The bad news is that when something shuts down the world's electronics supply-chain (like oh I don't known, a freak global pandemic), then you can go two or three months waiting for parts to arrive. But that applies to any consumer gadget more complex than a shovel. We might have more dire issues than being unable to mow while a virus is rampaging through the world.


----------



## hsvtoolfool (Jul 23, 2018)

Oh, I forgot to add that the Electra's two main advantages over gas mowers is not silence or lack of vibration.



Infinite variable walking speed is awesome. I can't emphasize this feature enough if you have a small lawn with lots of curves or obstacles to navigate around. If you have a large, flat golf green lawn, then speed control and maneuverability are irrelevant.



The Electra's "Beast Mode" is awesome. The constant, super-fast cartridge rotation makes scalping, de-thatching, and "scarifying" (or whatever that attachment is called) go much quicker. Grass and dirt literally fountain into the catch bin.


----------



## Jimefam (Jun 22, 2018)

Gilley11 said:


> Kamauxx said:
> 
> 
> > When I ordered mine I did so under the assumption that the battery would last longer than me.
> ...


----------



## Gilley11 (Nov 3, 2019)

@hsvtoolfool how about coating the boards with conformal epoxy?


----------



## Tx_LawnNerd (May 12, 2020)

@hsvtoolfool I am in the same boat. I think the batteries and motors are less of a concern for me then the boards themselves. I can swap an electric motor or find a battery distributor pretty easy if it came to that but would personally struggle with the boards. Done some blinky boards in the past but nothing much more than a prototype board for some RFID locks using arduino.

There is something to be said about gas and that anyone can rebuild a gas engine but substantially fewer who could rebuild the board components should they fail. I am thinking I am going to wait a little longer for the electra just because I like to start mowing early to beat the heat and I also know I am bad about changing the oil on my lawn equipment and don't want to neglect my new reel mower right out of the gate.

I really enjoyed reading everyones take on the situation and their thoughts on which to choose.


----------



## hsvtoolfool (Jul 23, 2018)

Gilley11 said:


> @hsvtoolfool how about coating the boards with conformal epoxy?

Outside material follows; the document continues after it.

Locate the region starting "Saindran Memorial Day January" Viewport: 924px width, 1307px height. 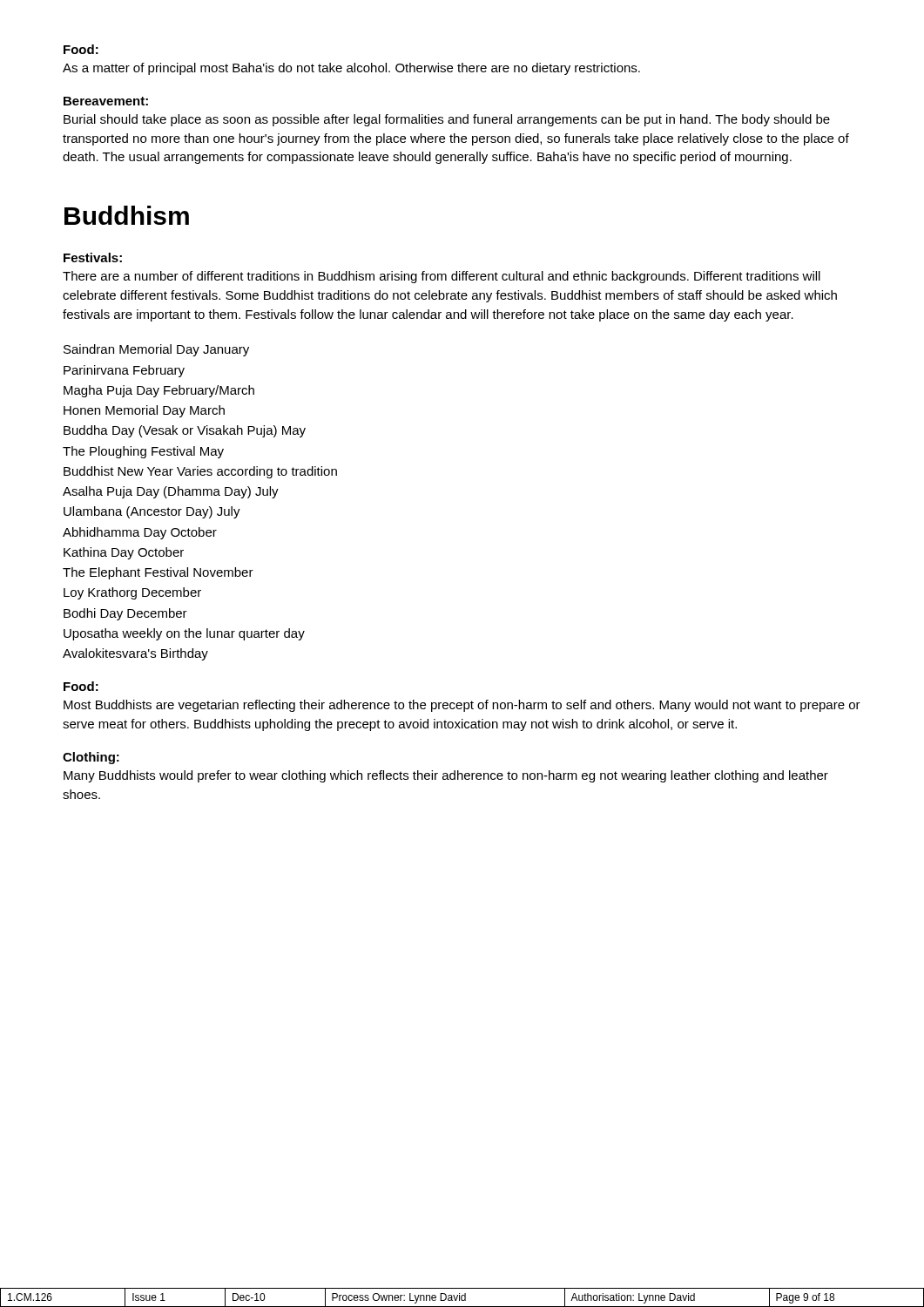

I agree. The boards should be coated, especially in the deep South. I may be wrong, but they don't appear to use any protective coatings. No doubt it's an expensive process.


----------



## Gilley11 (Nov 3, 2019)

Not expensive at all. You can get all kinds of electronic safe epoxy really cheap....but tbh I've coated plenty of boards with just regular old generic epoxy. Just make sure that you use a clear product and don't use anything with metal in it (jb weld, etc).

I've also used this, which is actually labeled for PCB's. https://www.amazon.com/Epoxyseal-Electronic-Grade-Potting-Epoxy/dp/B00VXV9YZ2/ref=mp_s_a_1_5?dchild=1&keywords=Epoxy+for+electronics&qid=1593121258&sr=8-5


----------



## MasterMech (Sep 24, 2017)

If you epoxy coat a board, don't you get yourself into the paradox of not being able to easily repair it? It should last longer but should it fail...

What about heat?


----------



## Tx_LawnNerd (May 12, 2020)

MasterMech said:


> If you epoxy coat a board, don't you get yourself into the paradox of not being able to easily repair it? It should last longer but should it fail...
> 
> What about heat?


Heat dissipation was my concern with applying epoxy to a board that didn't have it from the manufacturer.


----------



## hsvtoolfool (Jul 23, 2018)

The mil-spec conformal coatings my company used in the past were very thin and applied by spraying. They were not obvious and you had to look for it closely. Maybe the Electra boards use coatings, but I can't tell.

Heat retention wasn't an issue for us, but coatings did add significant cost to our products. Not only was the epoxy expensive, it raised production costs. After the PCBs were built up, we had to test and debug them, then send them off for coating, then re-test when they came back. If a coated board came back bad, it could be repaired but it was a stinky mess. But I haven't looked at that stuff in years and maybe there are now cheap, cleaner alternatives to epoxy.

Labor costs are too high to repair consumer electronics. Just diagnosing a problem chip might cost more than a new board's cost. It's much more economic to just toss the old board and plug in a new one.


----------



## littlehuman (Jun 10, 2020)

hsvtoolfool said:


> *Instead, the control system is the Electra's weak link.* Dusty, humid, outdoor environments are really tough on electronics. Failures in the Electra are most likely to be in the exposed "control panel" board at the handle top and the several boards inside the body where the battery resides. The body is not sealed and dust and moisture do get inside. Once any of these board fails, then you basically have a paper weight (or a significant electronics design project).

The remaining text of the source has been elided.